I was recently asked out of the blue in an email whether there were any organizations using machine learning and predictive analytics towards social justice interests. I was ashamed to say I didn’t know of any organizations doing that kind of work. It is hard to imagine what an emancipatory data science would look like. An education or communication about data scientific techniques might be emancipatory (I was trying to accomplish something like this with Why Weird Twitter, for what its worth), but that was a qualitative study, not a data scientific one.

Taking our cue from above, an emancipatory data science would have to use data science methods towards the human interest of emancipation. For this, we would need to use the methods to understand the conditions of power and dependency that bind us. Difficult as an individual, it’s possible that these techniques could be used to greater effect by an emancipatory sociotechnical organization. Such an organization would need to be concerned with its own autonomy as well as the autonomy of others.

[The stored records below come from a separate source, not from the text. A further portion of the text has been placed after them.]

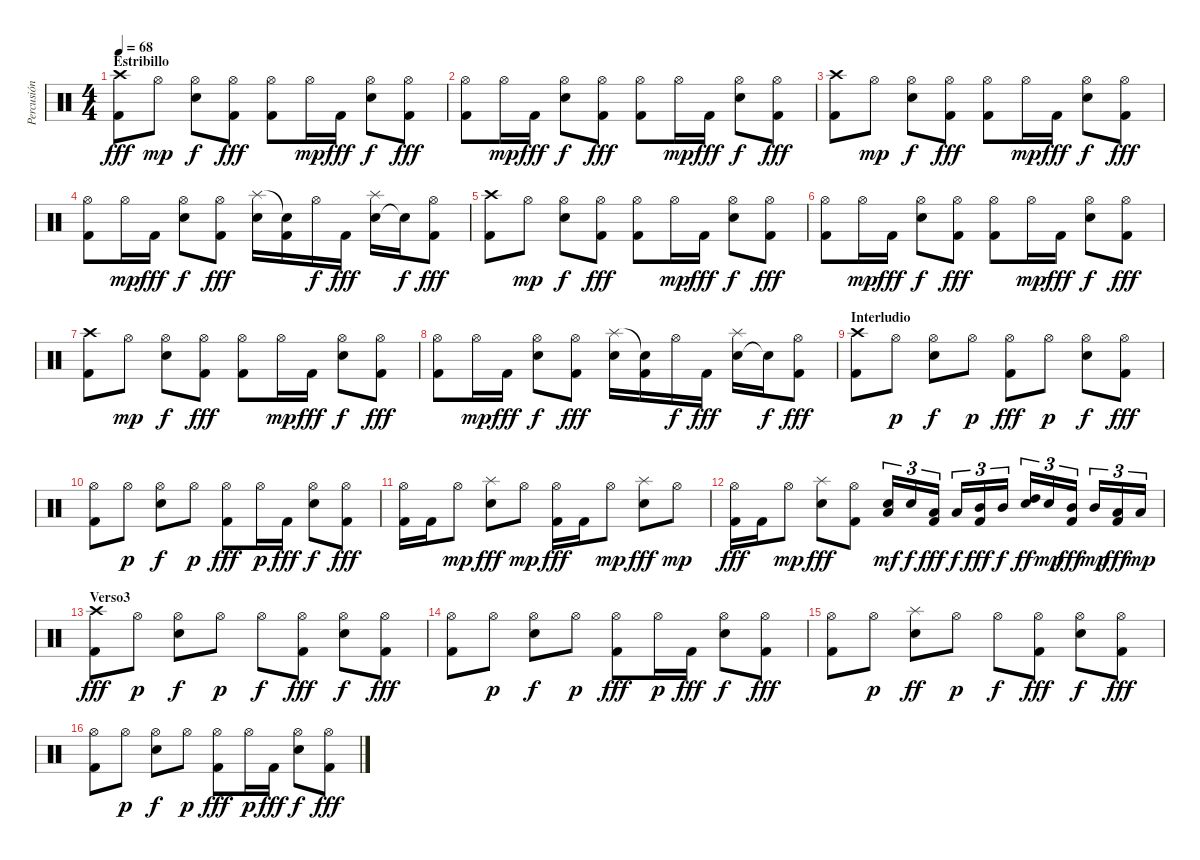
\track ("Percusión" "Percusión") {instrument percussion}
\staff {score}
\articulation defaults
\ts (4 4)
\section ("" "Estribillo")
\tempo 68
\clef neutral
\ks c
("Kick (hit) 2" "Crash high (hit)").8{dy fff} "Hi-Hat (open)".8{dy mp} ("Hi-Hat (open)" "Snare (hit) 2").8{dy f} ("Hi-Hat (open)" "Kick (hit) 2").8{dy fff} ("Hi-Hat (open)" "Kick (hit) 2").8 "Hi-Hat (open)".16{dy mp} "Kick (hit) 2".16{dy fff} ("Hi-Hat (open)" "Snare (hit) 2").8{dy f} ("Hi-Hat (open)" "Kick (hit) 2").8{dy fff} |
("Hi-Hat (open)" "Kick (hit) 2").8 "Hi-Hat (open)".16{dy mp} "Kick (hit) 2".16{dy fff} ("Hi-Hat (open)" "Snare (hit) 2").8{dy f} ("Hi-Hat (open)" "Kick (hit) 2").8{dy fff} ("Hi-Hat (open)" "Kick (hit) 2").8 "Hi-Hat (open)".16{dy mp} "Kick (hit) 2".16{dy fff} ("Hi-Hat (open)" "Snare (hit) 2").8{dy f} ("Hi-Hat (open)" "Kick (hit) 2").8{dy fff} |
("Kick (hit) 2" "Crash high (hit)").8 "Hi-Hat (open)".8{dy mp} ("Hi-Hat (open)" "Snare (hit) 2").8{dy f} ("Hi-Hat (open)" "Kick (hit) 2").8{dy fff} ("Hi-Hat (open)" "Kick (hit) 2").8 "Hi-Hat (open)".16{dy mp} "Kick (hit) 2".16{dy fff} ("Hi-Hat (open)" "Snare (hit) 2").8{dy f} ("Hi-Hat (open)" "Kick (hit) 2").8{dy fff} |
("Hi-Hat (open)" "Kick (hit) 2").8 "Hi-Hat (open)".16{dy mp} "Kick (hit) 2".16{dy fff} ("Hi-Hat (open)" "Snare (hit) 2").8{dy f} ("Hi-Hat (open)" "Kick (hit) 2").8{dy fff} ("Snare (hit) 2" "Splash (hit)").16 ("Kick (hit) 2" "Snare (hit)"{t}).16 "Hi-Hat (open)".16{dy f} "Kick (hit) 2".16{dy fff} ("Snare (hit) 2" "Splash (hit)").16 "Snare (hit)"{t}.16{dy f} ("Hi-Hat (open)" "Kick (hit) 2").8{dy fff} |
("Kick (hit) 2" "Crash high (hit)").8 "Hi-Hat (open)".8{dy mp} ("Hi-Hat (open)" "Snare (hit) 2").8{dy f} ("Hi-Hat (open)" "Kick (hit) 2").8{dy fff} ("Hi-Hat (open)" "Kick (hit) 2").8 "Hi-Hat (open)".16{dy mp} "Kick (hit) 2".16{dy fff} ("Hi-Hat (open)" "Snare (hit) 2").8{dy f} ("Hi-Hat (open)" "Kick (hit) 2").8{dy fff} |
("Hi-Hat (open)" "Kick (hit) 2").8 "Hi-Hat (open)".16{dy mp} "Kick (hit) 2".16{dy fff} ("Hi-Hat (open)" "Snare (hit) 2").8{dy f} ("Hi-Hat (open)" "Kick (hit) 2").8{dy fff} ("Hi-Hat (open)" "Kick (hit) 2").8 "Hi-Hat (open)".16{dy mp} "Kick (hit) 2".16{dy fff} ("Hi-Hat (open)" "Snare (hit) 2").8{dy f} ("Hi-Hat (open)" "Kick (hit) 2").8{dy fff} |
("Kick (hit) 2" "Crash high (hit)").8 "Hi-Hat (open)".8{dy mp} ("Hi-Hat (open)" "Snare (hit) 2").8{dy f} ("Hi-Hat (open)" "Kick (hit) 2").8{dy fff} ("Hi-Hat (open)" "Kick (hit) 2").8 "Hi-Hat (open)".16{dy mp} "Kick (hit) 2".16{dy fff} ("Hi-Hat (open)" "Snare (hit) 2").8{dy f} ("Hi-Hat (open)" "Kick (hit) 2").8{dy fff} |
("Hi-Hat (open)" "Kick (hit) 2").8 "Hi-Hat (open)".16{dy mp} "Kick (hit) 2".16{dy fff} ("Hi-Hat (open)" "Snare (hit) 2").8{dy f} ("Hi-Hat (open)" "Kick (hit) 2").8{dy fff} ("Snare (hit) 2" "Splash (hit)").16 ("Kick (hit) 2" "Snare (hit)"{t}).16 "Hi-Hat (open)".16{dy f} "Kick (hit) 2".16{dy fff} ("Snare (hit) 2" "Splash (hit)").16 "Snare (hit)"{t}.16{dy f} ("Hi-Hat (open)" "Kick (hit) 2").8{dy fff} |
\section ("" "Interludio")
("Kick (hit) 2" "Crash high (hit)").8 "Hi-Hat (open)".8{dy p} ("Hi-Hat (open)" "Snare (hit) 2").8{dy f} "Hi-Hat (open)".8{dy p} ("Hi-Hat (open)" "Kick (hit) 2").8{dy fff} "Hi-Hat (open)".8{dy p} ("Hi-Hat (open)" "Snare (hit) 2").8{dy f} ("Hi-Hat (open)" "Kick (hit) 2").8{dy fff} |
("Hi-Hat (open)" "Kick (hit) 2").8 "Hi-Hat (open)".8{dy p} ("Hi-Hat (open)" "Snare (hit) 2").8{dy f} "Hi-Hat (open)".8{dy p} ("Hi-Hat (open)" "Kick (hit) 2").8{dy fff} "Hi-Hat (open)".16{dy p} "Kick (hit) 2".16{dy fff} ("Hi-Hat (open)" "Snare (hit) 2").8{dy f} ("Hi-Hat (open)" "Kick (hit) 2").8{dy fff} |
("Hi-Hat (open)" "Kick (hit) 2").16 "Kick (hit) 2".16 "Hi-Hat (open)".8{dy mp} ("Snare (hit) 2" "Splash (hit)").8{dy fff} "Hi-Hat (open)".8{dy mp} ("Hi-Hat (open)" "Kick (hit) 2").16{dy fff} "Kick (hit) 2".16 "Hi-Hat (open)".8{dy mp} ("Snare (hit) 2" "Splash (hit)").8{dy fff} "Hi-Hat (open)".8{dy mp} |
("Hi-Hat (open)" "Kick (hit) 2").16{dy fff} "Kick (hit) 2".16 "Hi-Hat (open)".8{dy mp} ("Snare (hit) 2" "Splash (hit)").8{dy fff} ("Hi-Hat (open)" "Kick (hit) 2").8 ("Snare (hit) 2" "Low Tom (hit)").16{tu (3 2) dy mf} "Snare (hit) 2".16{tu (3 2) dy f} ("Kick (hit) 2" "Low Tom (hit)").16{tu (3 2) dy fff} "Low Tom (hit)".16{tu (3 2) dy f} ("Kick (hit) 2" "Mid Tom (hit)").16{tu (3 2) dy fff} "Mid Tom (hit)".16{tu (3 2) dy f} ("Snare (hit) 2" "High Tom (hit)").16{tu (3 2) dy ff} "Snare (hit) 2".16{tu (3 2) dy mp} ("Kick (hit) 2" "Mid Tom (hit)").16{tu (3 2) dy fff} "Mid Tom (hit)".16{tu (3 2) dy mp} ("Kick (hit) 2" "Low Tom (hit)").16{tu (3 2) dy fff} "Low Tom (hit)".16{tu (3 2) dy mp} |
\section ("" "Verso3")
("Kick (hit) 2" "Crash high (hit)").8{dy fff} "Hi-Hat (open)".8{dy p} ("Hi-Hat (open)" "Snare (hit) 2").8{dy f} "Hi-Hat (open)".8{dy p} "Hi-Hat (open)".8{dy f} ("Hi-Hat (open)" "Kick (hit) 2").8{dy fff} ("Hi-Hat (open)" "Snare (hit) 2").8{dy f} ("Hi-Hat (open)" "Kick (hit) 2").8{dy fff} |
("Hi-Hat (open)" "Kick (hit) 2").8 "Hi-Hat (open)".8{dy p} ("Hi-Hat (open)" "Snare (hit) 2").8{dy f} "Hi-Hat (open)".8{dy p} ("Hi-Hat (open)" "Kick (hit) 2").8{dy fff} "Hi-Hat (open)".16{dy p} "Kick (hit) 2".16{dy fff} ("Hi-Hat (open)" "Snare (hit) 2").8{dy f} ("Hi-Hat (open)" "Kick (hit) 2").8{dy fff} |
("Hi-Hat (open)" "Kick (hit) 2").8 "Hi-Hat (open)".8{dy p} ("Snare (hit) 2" "Splash (hit)").8{dy ff} "Hi-Hat (open)".8{dy p} "Hi-Hat (open)".8{dy f} ("Hi-Hat (open)" "Kick (hit) 2").8{dy fff} ("Hi-Hat (open)" "Snare (hit) 2").8{dy f} ("Hi-Hat (open)" "Kick (hit) 2").8{dy fff} |
("Hi-Hat (open)" "Kick (hit) 2").8 "Hi-Hat (open)".8{dy p} ("Hi-Hat (open)" "Snare (hit) 2").8{dy f} "Hi-Hat (open)".8{dy p} ("Hi-Hat (open)" "Kick (hit) 2").8{dy fff} "Hi-Hat (open)".16{dy p} "Kick (hit) 2".16{dy fff} ("Hi-Hat (open)" "Snare (hit) 2").8{dy f} ("Hi-Hat (open)" "Kick (hit) 2").8{dy fff}

The closest thing I can imagine to such a sociotechnical system is what Kelty describes as the recursive public: the loose coallition of open source developers, open access researchers, and others concerned with transforming their social, economic, and technical conditions for emancipatory ends. Happily, the D-Lab’s technical infrastructure team appears to be populated entirely by citizens of the recursive public. Though this is naturally a matter of minor controversy within the lab (its hard to convince folks who haven’t directly experienced the emancipatory potential of the movement of its value), I’m glad that it stands on more or less robust historical grounds. While the course I am co-teaching on Open Collaboration and Peer Production will likely not get into critical theory, I expect that the exposure to more emancipated communities of praxis will make something click.

What I’m going for, personally, is a synthetic science that is at once technical and engaged in emancipatory praxis.